= Beginning of Section =
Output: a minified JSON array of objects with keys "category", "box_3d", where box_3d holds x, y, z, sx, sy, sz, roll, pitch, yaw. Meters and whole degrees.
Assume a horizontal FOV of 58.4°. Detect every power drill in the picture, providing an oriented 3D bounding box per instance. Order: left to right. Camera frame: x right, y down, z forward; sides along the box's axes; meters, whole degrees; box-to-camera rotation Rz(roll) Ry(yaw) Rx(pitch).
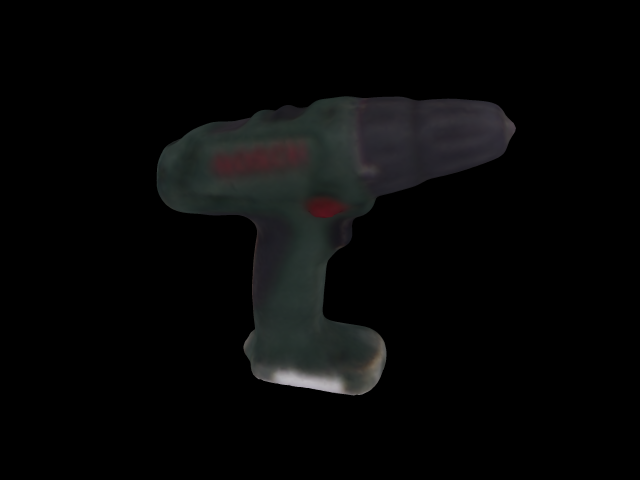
[{"category":"power drill","box_3d":[0.004,0.001,0.400,0.229,0.208,0.076,6,28,12]}]
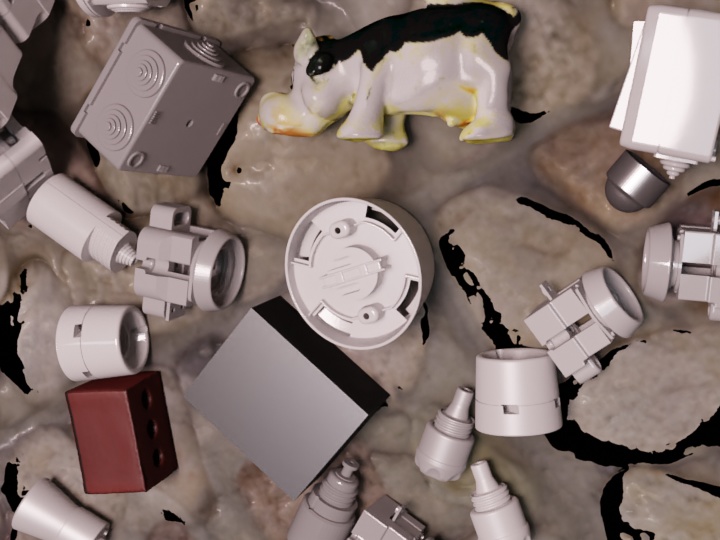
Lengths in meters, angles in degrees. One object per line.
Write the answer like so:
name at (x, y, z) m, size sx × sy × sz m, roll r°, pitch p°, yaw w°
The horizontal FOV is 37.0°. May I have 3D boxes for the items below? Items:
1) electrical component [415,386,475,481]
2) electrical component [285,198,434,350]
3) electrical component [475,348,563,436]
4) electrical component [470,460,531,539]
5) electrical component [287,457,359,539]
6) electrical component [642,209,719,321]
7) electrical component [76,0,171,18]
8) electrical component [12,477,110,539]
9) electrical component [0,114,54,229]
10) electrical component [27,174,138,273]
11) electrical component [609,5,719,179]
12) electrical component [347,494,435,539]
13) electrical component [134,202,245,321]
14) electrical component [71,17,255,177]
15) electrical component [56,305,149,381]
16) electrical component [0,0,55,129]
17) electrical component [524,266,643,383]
electrical component at (0.060, 0.107, 0.714) m, size 0.035 × 0.035 × 0.061 m, roll 21°, pitch 102°, yaw 14°
electrical component at (0.000, 0.000, 0.699) m, size 0.099 × 0.064 × 0.099 m, roll 3°, pitch 100°, yaw 18°
electrical component at (0.100, 0.077, 0.686) m, size 0.055 × 0.055 × 0.047 m, roll -2°, pitch 95°, yaw 18°
electrical component at (0.089, 0.157, 0.713) m, size 0.035 × 0.035 × 0.061 m, roll -20°, pitch 90°, yaw 20°
electrical component at (-0.021, 0.166, 0.747) m, size 0.040 × 0.040 × 0.078 m, roll 28°, pitch 107°, yaw 12°
electrical component at (0.200, -0.003, 0.644) m, size 0.055 × 0.048 × 0.066 m, roll 5°, pitch 101°, yaw 10°
electrical component at (-0.158, -0.208, 0.709) m, size 0.051 × 0.080 × 0.080 m, roll 2°, pitch 100°, yaw 13°
electrical component at (-0.225, 0.193, 0.819) m, size 0.065 × 0.044 × 0.044 m, roll 29°, pitch 107°, yaw 7°
electrical component at (-0.253, -0.070, 0.748) m, size 0.050 × 0.089 × 0.056 m, roll 44°, pitch 72°, yaw 7°
electrical component at (-0.192, -0.029, 0.768) m, size 0.081 × 0.043 × 0.043 m, roll 34°, pitch 108°, yaw 9°
electrical component at (0.182, -0.102, 0.624) m, size 0.061 × 0.062 × 0.096 m, roll 13°, pitch 103°, yaw 16°
electrical component at (0.023, 0.192, 0.735) m, size 0.055 × 0.048 × 0.066 m, roll 34°, pitch 108°, yaw 18°
electrical component at (-0.116, -0.003, 0.741) m, size 0.057 × 0.058 × 0.078 m, roll 11°, pitch 102°, yaw 19°
electrical component at (-0.126, -0.109, 0.705) m, size 0.048 × 0.100 × 0.099 m, roll 42°, pitch 109°, yaw 21°
electrical component at (-0.184, 0.051, 0.774) m, size 0.047 × 0.055 × 0.055 m, roll -5°, pitch 98°, yaw 15°
electrical component at (-0.277, -0.156, 0.713) m, size 0.105 × 0.060 × 0.186 m, roll -5°, pitch 54°, yaw 19°
electrical component at (0.141, 0.030, 0.669) m, size 0.055 × 0.048 × 0.066 m, roll -38°, pitch 86°, yaw 28°
= End of Section =
** Task instructions **
All of the data above needs to be given again exactly. Leave out each image.

** Written response **
Output: a minified JSON array of objects with keys "category", "box_3d", where box_3d holds x, y, z, sx, sy, sz, roll, pitch, yaw. Meters and whole degrees.
Assume a horizontal FOV of 58.4°. Detect every power drill in the picture, providing an oriented 3D bounding box per instance. Order: left to right. Camera frame: x right, y down, z forward; sides along the box's axes; meters, whole degrees; box-to-camera rotation Rz(roll) Ry(yaw) Rx(pitch).
[{"category":"power drill","box_3d":[0.004,0.001,0.400,0.229,0.208,0.076,6,28,12]}]
Lengths in meters, angles in degrees. One object per line.
Write the answer like so:
name at (x, y, z) m, size sx × sy × sz m, roll r°, pitch p°, yaw w°
The horizontal FOV is 37.0°. May I have 3D boxes for the items below? Items:
1) electrical component [415,386,475,481]
2) electrical component [285,198,434,350]
3) electrical component [475,348,563,436]
4) electrical component [470,460,531,539]
5) electrical component [287,457,359,539]
6) electrical component [642,209,719,321]
7) electrical component [76,0,171,18]
8) electrical component [12,477,110,539]
9) electrical component [0,114,54,229]
10) electrical component [27,174,138,273]
11) electrical component [609,5,719,179]
12) electrical component [347,494,435,539]
13) electrical component [134,202,245,321]
14) electrical component [71,17,255,177]
15) electrical component [56,305,149,381]
16) electrical component [0,0,55,129]
17) electrical component [524,266,643,383]
electrical component at (0.060, 0.107, 0.714) m, size 0.035 × 0.035 × 0.061 m, roll 21°, pitch 102°, yaw 14°
electrical component at (0.000, 0.000, 0.699) m, size 0.099 × 0.064 × 0.099 m, roll 3°, pitch 100°, yaw 18°
electrical component at (0.100, 0.077, 0.686) m, size 0.055 × 0.055 × 0.047 m, roll -2°, pitch 95°, yaw 18°
electrical component at (0.089, 0.157, 0.713) m, size 0.035 × 0.035 × 0.061 m, roll -20°, pitch 90°, yaw 20°
electrical component at (-0.021, 0.166, 0.747) m, size 0.040 × 0.040 × 0.078 m, roll 28°, pitch 107°, yaw 12°
electrical component at (0.200, -0.003, 0.644) m, size 0.055 × 0.048 × 0.066 m, roll 5°, pitch 101°, yaw 10°
electrical component at (-0.158, -0.208, 0.709) m, size 0.051 × 0.080 × 0.080 m, roll 2°, pitch 100°, yaw 13°
electrical component at (-0.225, 0.193, 0.819) m, size 0.065 × 0.044 × 0.044 m, roll 29°, pitch 107°, yaw 7°
electrical component at (-0.253, -0.070, 0.748) m, size 0.050 × 0.089 × 0.056 m, roll 44°, pitch 72°, yaw 7°
electrical component at (-0.192, -0.029, 0.768) m, size 0.081 × 0.043 × 0.043 m, roll 34°, pitch 108°, yaw 9°
electrical component at (0.182, -0.102, 0.624) m, size 0.061 × 0.062 × 0.096 m, roll 13°, pitch 103°, yaw 16°
electrical component at (0.023, 0.192, 0.735) m, size 0.055 × 0.048 × 0.066 m, roll 34°, pitch 108°, yaw 18°
electrical component at (-0.116, -0.003, 0.741) m, size 0.057 × 0.058 × 0.078 m, roll 11°, pitch 102°, yaw 19°
electrical component at (-0.126, -0.109, 0.705) m, size 0.048 × 0.100 × 0.099 m, roll 42°, pitch 109°, yaw 21°
electrical component at (-0.184, 0.051, 0.774) m, size 0.047 × 0.055 × 0.055 m, roll -5°, pitch 98°, yaw 15°
electrical component at (-0.277, -0.156, 0.713) m, size 0.105 × 0.060 × 0.186 m, roll -5°, pitch 54°, yaw 19°
electrical component at (0.141, 0.030, 0.669) m, size 0.055 × 0.048 × 0.066 m, roll -38°, pitch 86°, yaw 28°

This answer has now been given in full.